Refactor `contains_table` with cuco::static_set #14064

PointKernel · 2023-09-08T00:02:32Z

Description

Contributes to #12261

This PR refactors contains_table to use the new cuco::static_set data structure. It also adds a contains_table benchmark to track the performance before and after this work.

Checklist

I am familiar with the Contributing Guidelines.
New or existing tests cover these changes.
The documentation is up to date with these changes.

…ns-table

cpp/src/search/contains_table.cu

…ns-table

cpp/src/search/contains_table.cu

ttnghia · 2023-09-18T17:03:06Z

cpp/src/search/contains_table.cu

+ * @tparam HasAnyNested Flag indicating whether there are nested columns in either haystack or
+ needles


Suggested change

* @tparam HasAnyNested Flag indicating whether there are nested columns in either haystack or

needles

* @tparam HasAnyNested Flag indicating whether there are nested columns in either haystack or

needles

Not sure it's worth the effort. I assume we shouldn't rely on any manual alignment for code formatting/linting.

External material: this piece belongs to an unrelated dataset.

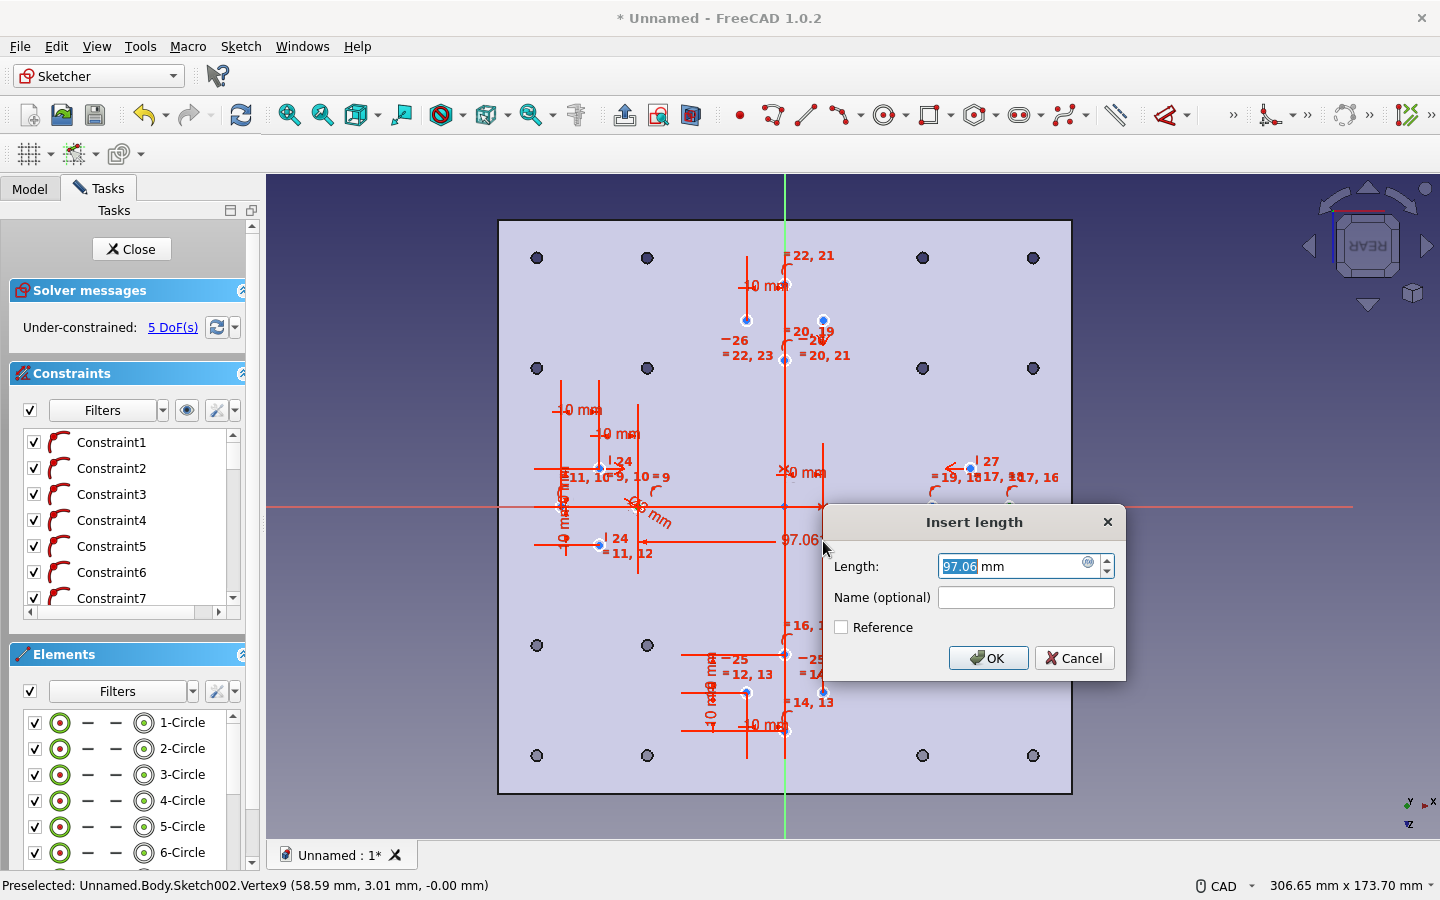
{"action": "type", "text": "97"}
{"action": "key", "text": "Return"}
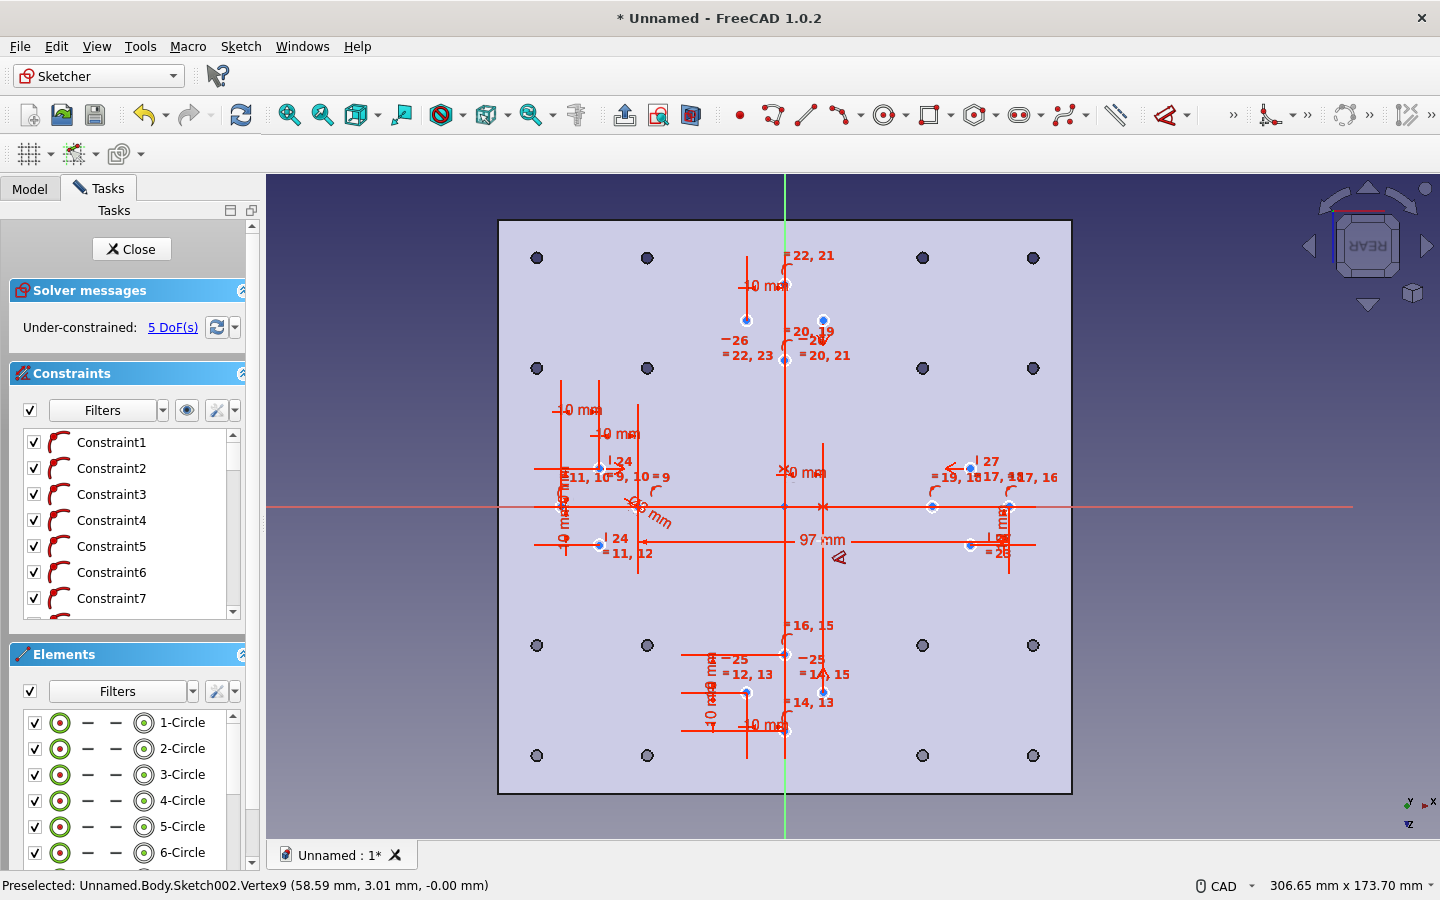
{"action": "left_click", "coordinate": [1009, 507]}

Manual alignment is for dev reading, to enhance aesthetics/readability, not for the generated docs.

Regardless of alignment, I think all lines should start with a single space and an asterisk.
https://github.com/rapidsai/cudf/blob/branch-23.10/cpp/doxygen/developer_guide/DOCUMENTATION.md#block-comments
I think this should apply to blank lines within the block comment as well.

all lines should start with a single space and an asterisk.

Oh, good catch. Definitely yes, something went wrong with my IDE formatting. Fixed

cpp/src/search/contains_table.cu

PointKernel · 2023-09-19T02:07:58Z

The peak memory usage drops about 50% after this PR in all test cases.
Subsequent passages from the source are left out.